Your assignment: All pictures are to be skipped; retype only the lines from the top of the entries through the line with "7. rack frame [928,349,989,527]", both included.

Material to process:
================

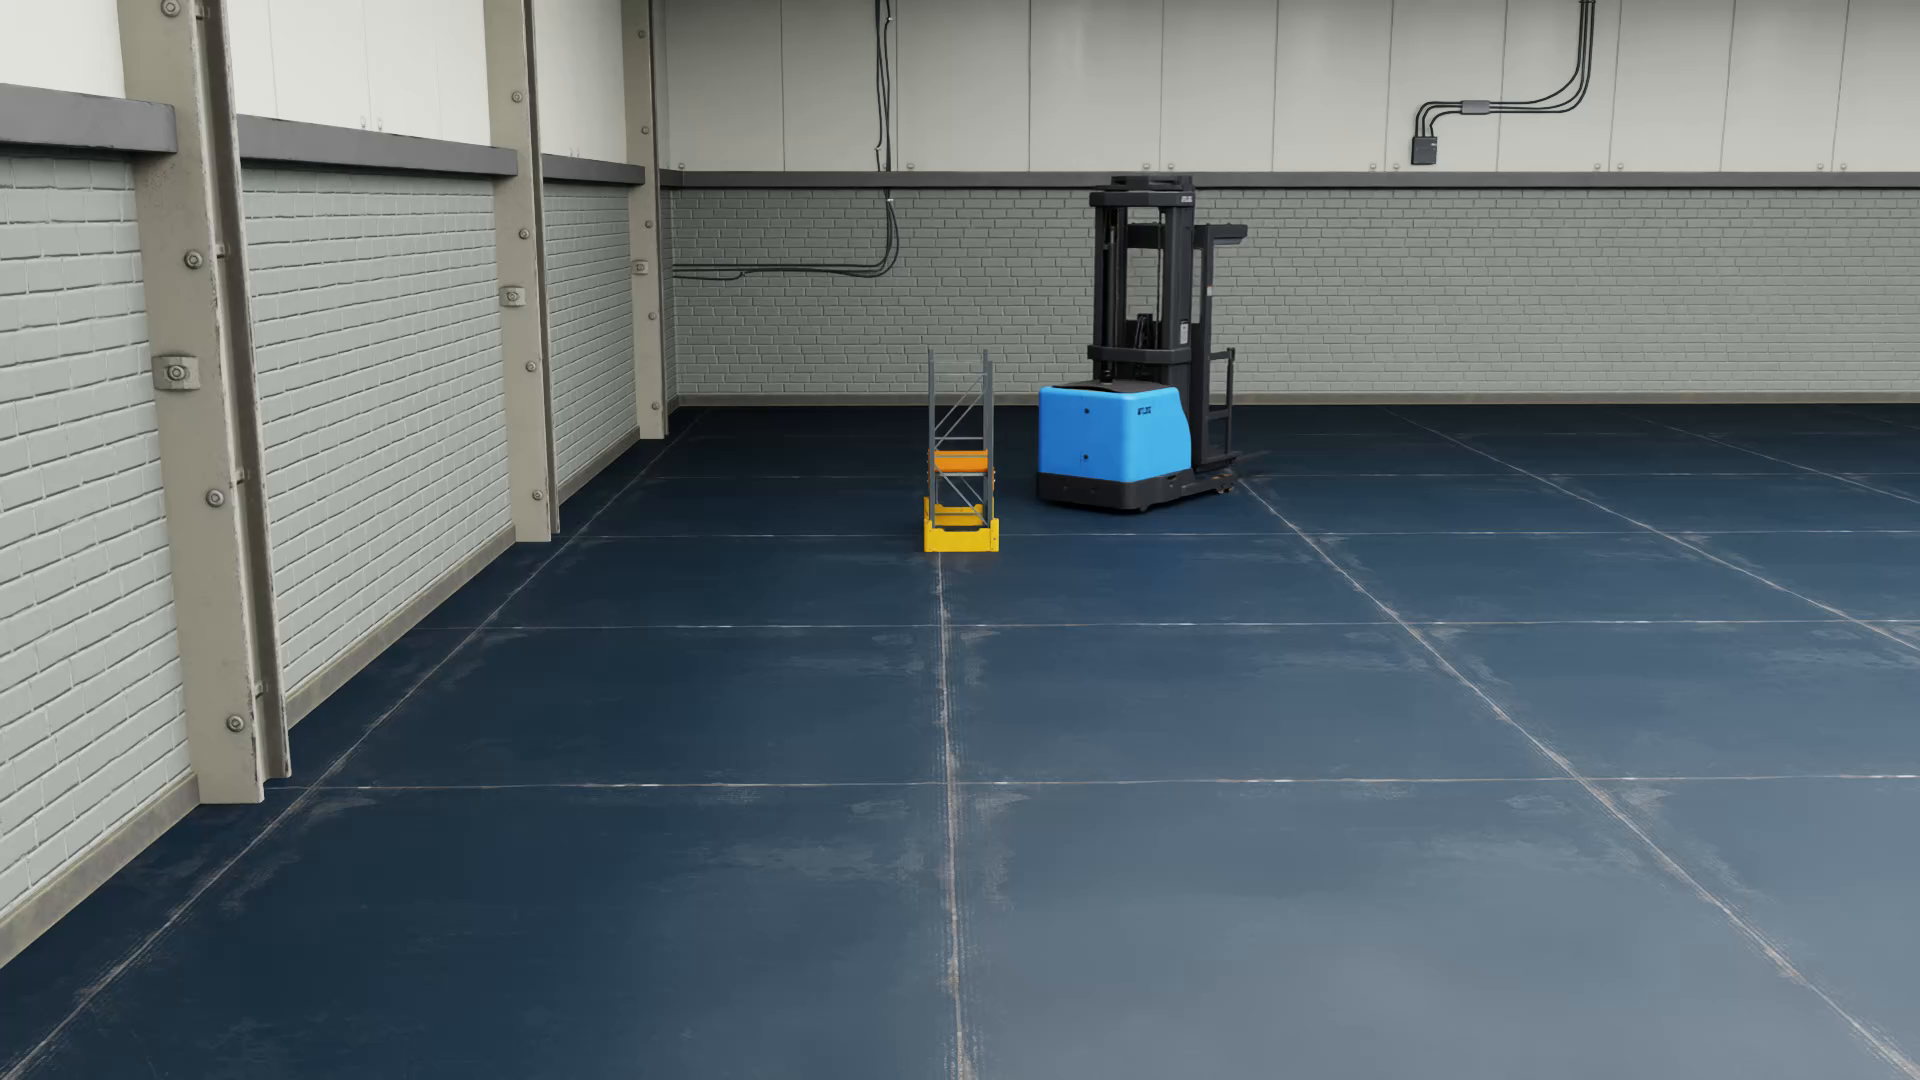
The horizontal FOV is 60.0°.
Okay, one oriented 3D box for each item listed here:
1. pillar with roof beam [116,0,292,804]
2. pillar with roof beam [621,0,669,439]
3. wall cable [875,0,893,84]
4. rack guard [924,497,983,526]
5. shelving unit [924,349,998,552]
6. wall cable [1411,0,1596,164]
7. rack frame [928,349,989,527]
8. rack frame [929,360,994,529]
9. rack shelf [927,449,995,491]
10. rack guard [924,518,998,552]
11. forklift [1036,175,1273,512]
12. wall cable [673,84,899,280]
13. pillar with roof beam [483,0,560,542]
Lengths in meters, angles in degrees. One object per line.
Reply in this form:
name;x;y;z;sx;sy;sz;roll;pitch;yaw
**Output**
pillar with roof beam;0.938;-3.262;7.003;9.100;9.000;0.400;0;11;-1
pillar with roof beam;0.690;-5.647;18.761;9.100;9.000;0.400;0;11;-1
wall cable;0.352;-7.185;21.448;3.097;2.526;0.112;0;11;-1
rack guard;-0.012;-0.237;14.097;0.587;0.250;0.087;0;11;-1
shelving unit;-0.002;-0.750;13.485;0.587;1.500;1.083;0;11;-1
wall cable;7.139;-7.923;21.425;2.305;6.003;0.169;0;11;-1
rack frame;-0.012;-0.853;13.992;0.500;1.500;0.032;0;11;-1
rack frame;0.009;-0.651;12.995;0.500;1.500;0.032;0;11;-1
rack shelf;-0.002;-0.576;13.529;0.538;0.185;1.000;0;11;-1
rack guard;0.009;-0.039;13.121;0.587;0.250;0.087;0;11;-1
forklift;1.991;-1.925;15.677;1.130;2.935;3.031;9;14;37
wall cable;-2.353;-4.699;21.895;3.097;2.526;0.112;0;11;-1
pillar with roof beam;0.814;-4.454;12.882;9.100;9.000;0.400;0;11;-1

================

Solution:
The horizontal FOV is 60.0°.
Okay, one oriented 3D box for each item listed here:
1. pillar with roof beam [116,0,292,804]
2. pillar with roof beam [621,0,669,439]
3. wall cable [875,0,893,84]
4. rack guard [924,497,983,526]
5. shelving unit [924,349,998,552]
6. wall cable [1411,0,1596,164]
7. rack frame [928,349,989,527]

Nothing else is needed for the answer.